Beavers has glowing remarks for Lyons.

“Shane is a brilliant and very talented young chef,” he said. “I look forward to his future and all the amazing things I am sure that he will accomplish for his craft and food in general.

“His talents have made Nosh one of the must-eat-at destinations in our city. Everyone should try his style of cooking as often as they can, at least once a week. I have enjoyed the times I have spent in the kitchen with Shane and cherish his creativity and love of food.”

The future
“I might like to go back to school,” he said. “Go to college. Maybe major in sociology or physiology.”

But school will have to wait while he reaches for his ultimate goal: “Making Nosh the best restaurant in the city,” he said. “I want to put Colorado Springs on the culinary map. With the exception of The Broadmoor, the city (restaurants) are not playing with the big boys.”

The first step to that goal was to introduce a new menu this month. Nosh was closed for 10 days the first of January, during which Lyons returned to New York City to get menu inspiration.

True to the prediction of Davis, the new menu does have a nod to Asian dishes like crispy Korean wings and kimchi potatoes. and French influences are noted with a charcuterie selection (charcuterie deals primarily with preserved and cured meats). The menu has a sophisticated feel that is more tightly focused with eight appetizers, three soups, four salads, 12 small plates and three charcuterie options. There are some good-sounding vegetarian options that at first seem weird, but when sampled prove to be delicious, like roasted cauliflower with roasted garlic miso, caramelized onions, basil and cashews.

Time will tell, but it looks like the young chef is on a roll and may just be the talent needed to shower national attention on Colorado Springs.

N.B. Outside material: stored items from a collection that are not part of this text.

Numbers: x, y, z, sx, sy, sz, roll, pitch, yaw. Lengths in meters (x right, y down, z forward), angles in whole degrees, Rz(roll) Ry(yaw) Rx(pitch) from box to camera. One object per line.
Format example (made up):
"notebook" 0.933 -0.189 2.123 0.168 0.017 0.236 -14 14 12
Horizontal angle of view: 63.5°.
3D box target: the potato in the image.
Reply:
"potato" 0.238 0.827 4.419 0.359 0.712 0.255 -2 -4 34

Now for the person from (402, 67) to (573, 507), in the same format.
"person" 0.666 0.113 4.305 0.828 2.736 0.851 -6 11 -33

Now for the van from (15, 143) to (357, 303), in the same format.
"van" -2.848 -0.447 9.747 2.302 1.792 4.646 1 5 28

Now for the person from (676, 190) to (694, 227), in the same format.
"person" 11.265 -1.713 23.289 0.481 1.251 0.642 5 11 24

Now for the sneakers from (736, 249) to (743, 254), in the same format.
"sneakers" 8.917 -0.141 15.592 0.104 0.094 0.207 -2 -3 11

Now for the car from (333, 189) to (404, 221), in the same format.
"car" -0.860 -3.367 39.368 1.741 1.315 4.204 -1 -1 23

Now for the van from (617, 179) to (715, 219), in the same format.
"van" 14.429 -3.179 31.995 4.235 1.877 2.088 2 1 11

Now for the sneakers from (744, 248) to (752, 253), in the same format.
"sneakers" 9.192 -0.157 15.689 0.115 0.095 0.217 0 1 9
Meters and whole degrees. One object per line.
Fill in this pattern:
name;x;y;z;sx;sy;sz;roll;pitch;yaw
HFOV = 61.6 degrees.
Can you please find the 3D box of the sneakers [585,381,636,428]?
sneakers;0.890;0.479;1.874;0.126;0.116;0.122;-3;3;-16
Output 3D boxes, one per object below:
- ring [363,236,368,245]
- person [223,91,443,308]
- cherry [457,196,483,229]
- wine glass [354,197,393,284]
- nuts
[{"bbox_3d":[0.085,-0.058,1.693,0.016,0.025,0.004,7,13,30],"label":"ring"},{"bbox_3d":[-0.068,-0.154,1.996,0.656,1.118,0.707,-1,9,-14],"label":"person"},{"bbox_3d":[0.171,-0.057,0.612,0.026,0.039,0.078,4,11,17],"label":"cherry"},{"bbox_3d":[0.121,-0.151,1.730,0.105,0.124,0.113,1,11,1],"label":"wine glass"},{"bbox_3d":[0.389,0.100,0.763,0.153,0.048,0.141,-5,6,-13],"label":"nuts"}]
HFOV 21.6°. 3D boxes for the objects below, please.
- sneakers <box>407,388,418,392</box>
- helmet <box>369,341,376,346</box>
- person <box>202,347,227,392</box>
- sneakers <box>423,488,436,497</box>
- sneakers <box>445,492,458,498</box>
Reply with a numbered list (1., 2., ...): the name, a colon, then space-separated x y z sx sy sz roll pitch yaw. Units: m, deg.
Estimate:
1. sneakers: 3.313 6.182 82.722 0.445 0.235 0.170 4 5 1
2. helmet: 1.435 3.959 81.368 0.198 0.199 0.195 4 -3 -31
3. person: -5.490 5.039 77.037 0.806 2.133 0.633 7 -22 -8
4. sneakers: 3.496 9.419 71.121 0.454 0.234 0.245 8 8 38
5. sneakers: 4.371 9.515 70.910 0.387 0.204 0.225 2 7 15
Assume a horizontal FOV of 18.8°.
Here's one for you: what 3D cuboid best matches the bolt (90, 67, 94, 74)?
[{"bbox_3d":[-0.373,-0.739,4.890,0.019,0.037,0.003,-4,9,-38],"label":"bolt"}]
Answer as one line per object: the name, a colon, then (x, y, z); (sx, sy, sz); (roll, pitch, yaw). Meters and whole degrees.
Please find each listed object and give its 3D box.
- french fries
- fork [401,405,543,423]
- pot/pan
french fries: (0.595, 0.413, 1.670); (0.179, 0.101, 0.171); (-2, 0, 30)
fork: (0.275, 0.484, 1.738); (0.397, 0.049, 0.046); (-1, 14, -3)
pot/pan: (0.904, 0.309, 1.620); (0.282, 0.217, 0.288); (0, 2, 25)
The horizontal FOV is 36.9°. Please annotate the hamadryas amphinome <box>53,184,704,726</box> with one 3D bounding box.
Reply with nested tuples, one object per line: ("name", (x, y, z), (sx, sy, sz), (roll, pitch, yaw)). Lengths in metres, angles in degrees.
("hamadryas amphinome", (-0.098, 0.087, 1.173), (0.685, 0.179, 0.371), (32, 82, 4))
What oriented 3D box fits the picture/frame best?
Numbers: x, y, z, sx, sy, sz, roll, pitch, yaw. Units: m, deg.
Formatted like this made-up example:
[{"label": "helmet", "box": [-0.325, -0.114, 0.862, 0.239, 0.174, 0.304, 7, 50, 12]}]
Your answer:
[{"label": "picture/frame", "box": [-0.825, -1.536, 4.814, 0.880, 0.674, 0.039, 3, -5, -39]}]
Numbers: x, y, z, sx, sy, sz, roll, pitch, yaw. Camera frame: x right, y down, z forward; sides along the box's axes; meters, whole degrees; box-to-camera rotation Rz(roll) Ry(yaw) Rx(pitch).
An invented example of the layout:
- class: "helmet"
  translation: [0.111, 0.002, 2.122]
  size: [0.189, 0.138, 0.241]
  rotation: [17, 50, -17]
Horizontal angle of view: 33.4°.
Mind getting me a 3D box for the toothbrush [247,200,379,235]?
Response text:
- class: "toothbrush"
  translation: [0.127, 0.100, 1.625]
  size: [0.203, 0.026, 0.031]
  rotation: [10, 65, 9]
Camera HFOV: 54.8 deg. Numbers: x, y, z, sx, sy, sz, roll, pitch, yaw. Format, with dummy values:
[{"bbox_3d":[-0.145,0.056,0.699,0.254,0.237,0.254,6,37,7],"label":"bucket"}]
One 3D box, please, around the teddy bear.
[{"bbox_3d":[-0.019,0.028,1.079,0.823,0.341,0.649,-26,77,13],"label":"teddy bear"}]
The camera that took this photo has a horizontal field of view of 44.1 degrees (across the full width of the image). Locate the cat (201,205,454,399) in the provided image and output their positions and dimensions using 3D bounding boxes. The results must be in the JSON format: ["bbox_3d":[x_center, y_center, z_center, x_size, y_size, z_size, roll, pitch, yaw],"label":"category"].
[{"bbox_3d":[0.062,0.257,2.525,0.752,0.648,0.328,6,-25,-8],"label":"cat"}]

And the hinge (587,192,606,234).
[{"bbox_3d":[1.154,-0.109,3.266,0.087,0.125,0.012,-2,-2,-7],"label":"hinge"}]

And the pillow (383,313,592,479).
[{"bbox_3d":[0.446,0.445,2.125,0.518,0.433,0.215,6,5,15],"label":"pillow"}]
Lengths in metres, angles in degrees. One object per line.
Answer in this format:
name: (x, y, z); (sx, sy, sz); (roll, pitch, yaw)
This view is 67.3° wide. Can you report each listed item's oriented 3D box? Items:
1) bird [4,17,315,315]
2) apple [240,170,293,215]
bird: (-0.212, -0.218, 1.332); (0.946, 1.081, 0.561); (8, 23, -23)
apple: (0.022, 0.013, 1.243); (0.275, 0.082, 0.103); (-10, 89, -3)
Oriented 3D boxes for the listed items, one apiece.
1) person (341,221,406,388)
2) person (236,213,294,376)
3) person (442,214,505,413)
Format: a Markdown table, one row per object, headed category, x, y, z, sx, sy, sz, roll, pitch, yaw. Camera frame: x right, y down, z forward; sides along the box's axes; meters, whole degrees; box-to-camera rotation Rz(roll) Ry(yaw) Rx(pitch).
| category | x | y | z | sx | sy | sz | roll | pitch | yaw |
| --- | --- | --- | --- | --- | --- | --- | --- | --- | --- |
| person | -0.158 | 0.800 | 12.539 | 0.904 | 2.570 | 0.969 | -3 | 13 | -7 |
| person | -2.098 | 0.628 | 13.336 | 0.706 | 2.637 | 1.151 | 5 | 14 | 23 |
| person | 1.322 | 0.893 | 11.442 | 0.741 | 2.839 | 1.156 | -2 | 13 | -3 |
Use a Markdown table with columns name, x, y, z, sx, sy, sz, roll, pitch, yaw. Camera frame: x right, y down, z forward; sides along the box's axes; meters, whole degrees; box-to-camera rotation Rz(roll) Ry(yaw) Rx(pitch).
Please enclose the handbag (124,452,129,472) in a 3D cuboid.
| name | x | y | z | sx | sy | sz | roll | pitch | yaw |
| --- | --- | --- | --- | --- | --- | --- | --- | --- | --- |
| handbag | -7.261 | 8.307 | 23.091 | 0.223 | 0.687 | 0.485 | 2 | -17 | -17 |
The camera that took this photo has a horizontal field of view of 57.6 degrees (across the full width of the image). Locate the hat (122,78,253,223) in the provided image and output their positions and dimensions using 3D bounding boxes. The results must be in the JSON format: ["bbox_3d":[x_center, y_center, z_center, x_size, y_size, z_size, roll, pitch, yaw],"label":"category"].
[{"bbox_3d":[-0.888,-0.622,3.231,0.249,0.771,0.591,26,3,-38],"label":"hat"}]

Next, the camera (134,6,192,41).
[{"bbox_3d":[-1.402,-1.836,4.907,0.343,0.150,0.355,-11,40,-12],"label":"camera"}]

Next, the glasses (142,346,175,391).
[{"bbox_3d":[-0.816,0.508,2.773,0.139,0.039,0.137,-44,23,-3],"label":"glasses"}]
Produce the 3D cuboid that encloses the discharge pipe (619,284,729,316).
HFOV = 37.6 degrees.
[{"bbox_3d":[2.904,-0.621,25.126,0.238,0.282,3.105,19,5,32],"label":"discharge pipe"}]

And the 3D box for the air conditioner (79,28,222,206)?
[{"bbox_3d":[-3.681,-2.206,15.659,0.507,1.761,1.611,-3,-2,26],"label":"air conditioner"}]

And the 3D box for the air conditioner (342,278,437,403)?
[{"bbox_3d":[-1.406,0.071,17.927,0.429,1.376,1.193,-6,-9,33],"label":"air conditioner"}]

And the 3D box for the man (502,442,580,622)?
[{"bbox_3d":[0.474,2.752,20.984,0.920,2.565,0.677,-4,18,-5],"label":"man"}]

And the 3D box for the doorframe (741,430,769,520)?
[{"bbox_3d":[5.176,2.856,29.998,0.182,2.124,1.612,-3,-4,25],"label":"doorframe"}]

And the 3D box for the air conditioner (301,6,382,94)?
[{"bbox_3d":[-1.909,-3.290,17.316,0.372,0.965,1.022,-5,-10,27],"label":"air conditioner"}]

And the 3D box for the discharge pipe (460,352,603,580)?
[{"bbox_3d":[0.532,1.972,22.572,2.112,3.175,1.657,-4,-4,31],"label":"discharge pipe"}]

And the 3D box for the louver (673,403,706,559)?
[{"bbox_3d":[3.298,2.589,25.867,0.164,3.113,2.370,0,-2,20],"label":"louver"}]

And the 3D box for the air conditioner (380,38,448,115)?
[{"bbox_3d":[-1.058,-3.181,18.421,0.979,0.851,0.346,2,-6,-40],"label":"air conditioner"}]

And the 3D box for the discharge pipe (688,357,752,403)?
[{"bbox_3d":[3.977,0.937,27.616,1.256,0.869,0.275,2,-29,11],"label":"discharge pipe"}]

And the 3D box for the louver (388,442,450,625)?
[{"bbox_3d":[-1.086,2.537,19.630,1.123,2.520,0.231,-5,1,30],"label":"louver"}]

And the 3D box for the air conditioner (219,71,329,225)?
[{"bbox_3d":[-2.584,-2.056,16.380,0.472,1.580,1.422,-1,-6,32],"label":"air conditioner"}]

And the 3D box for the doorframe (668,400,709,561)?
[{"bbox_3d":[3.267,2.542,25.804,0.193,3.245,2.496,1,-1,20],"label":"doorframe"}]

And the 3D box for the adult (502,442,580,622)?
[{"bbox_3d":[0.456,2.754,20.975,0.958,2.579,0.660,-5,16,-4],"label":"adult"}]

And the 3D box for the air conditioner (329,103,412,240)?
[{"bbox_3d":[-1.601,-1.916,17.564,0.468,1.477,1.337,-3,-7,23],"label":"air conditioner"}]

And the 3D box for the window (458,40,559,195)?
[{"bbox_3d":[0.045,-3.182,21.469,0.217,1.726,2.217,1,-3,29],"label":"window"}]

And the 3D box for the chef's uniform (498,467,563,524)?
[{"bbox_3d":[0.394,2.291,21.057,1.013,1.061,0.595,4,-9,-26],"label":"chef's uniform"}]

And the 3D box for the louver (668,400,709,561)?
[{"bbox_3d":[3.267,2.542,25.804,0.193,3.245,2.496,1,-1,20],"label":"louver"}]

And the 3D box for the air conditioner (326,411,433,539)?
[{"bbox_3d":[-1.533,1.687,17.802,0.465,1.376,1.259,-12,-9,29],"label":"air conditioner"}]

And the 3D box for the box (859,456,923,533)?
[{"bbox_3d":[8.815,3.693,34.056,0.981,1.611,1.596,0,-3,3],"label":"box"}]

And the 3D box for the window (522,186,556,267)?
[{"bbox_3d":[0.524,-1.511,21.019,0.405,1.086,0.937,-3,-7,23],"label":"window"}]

Here are some questions for Shane Lyons, executive chef at Nosh.
Question: What’s your favorite dish to make at home?
Answer: I love roast chicken! I make two meals out of the leftovers and then use the bones for soup stock.
Q: What three ingredients could you not cook without?
A: In the restaurant: lemon zest, kochugaru (Korean red pepper), Maldon salt.
Q: When it comes to eating, what’s your guilty pleasure?
A: Reduced-fat Cheez-it with Frank’s hot sauce
Q: What’s your favorite restaurant?
A: The best meal I have ever had was at Le Bernardin in New York. Locally, my favorite place to eat is Poor Richard’s. They offer simple, straightforward food prepared thoughtfully and consistently.
Q: What cooking tips could you offer to readers to make their time in the kitchen easier?
A: Invest in one all-purpose chef knife and get it sharpened. A dull knife is a dangerous, useless thing to have in the kitchen.
Clean as you go. Work as clean and organized as possible. Clean chef, clean kitchen, clean mind, clean food.
Q: What’s the biggest mistake you ever made while cooking?
A: I chopped the tip of my finger off one time when I was first starting off as a cook at Sencha. I was trying to be a badass with the knife and ended paying for it.

SQUASH-APPLE CREAM SOUP

Yield: 2 1/2 quarts

2 onions, peeled and chopped
1 carrot, chopped
1 celery stalk, chopped
1 stick unsalted butter
2 butternut squash, peeled,
 seeded and chopped
1 quart heavy cream
1 quart chicken stock
Salt and pepper, to taste
1 bay leaf
1 sprig thyme
1/4 cup toasted slivered almonds
1 recipe Applesauce (see recipe below)

Procedure:
1.
Sauté onion, carrot and celery in butter over medium heat until vegetables are soft and translucent.
2. Add squash, cream, stock, bay leaf and thyme. Simmer until all vegetables are tender. Season to taste with salt and pepper. Carefully puree in blender.
3. To serve, garnish with toasted, slivered almonds and a dollop of applesauce.

Source: Shane Lyons, executive chef at Nosh

APLESAUCE

Yield: 2 cups

4 apples
Zest and juice of 2 lemons
1 cup sugar
1 cup water

Procedure:
1.
Peel and dice apples. In saucepan, toss apples with lemon zest and juice. Add sugar and water and mix well. Cover with parchment paper and cook on low heat until slightly golden brown and soft.
2. Remove apples from pan; puree in blender or food processor.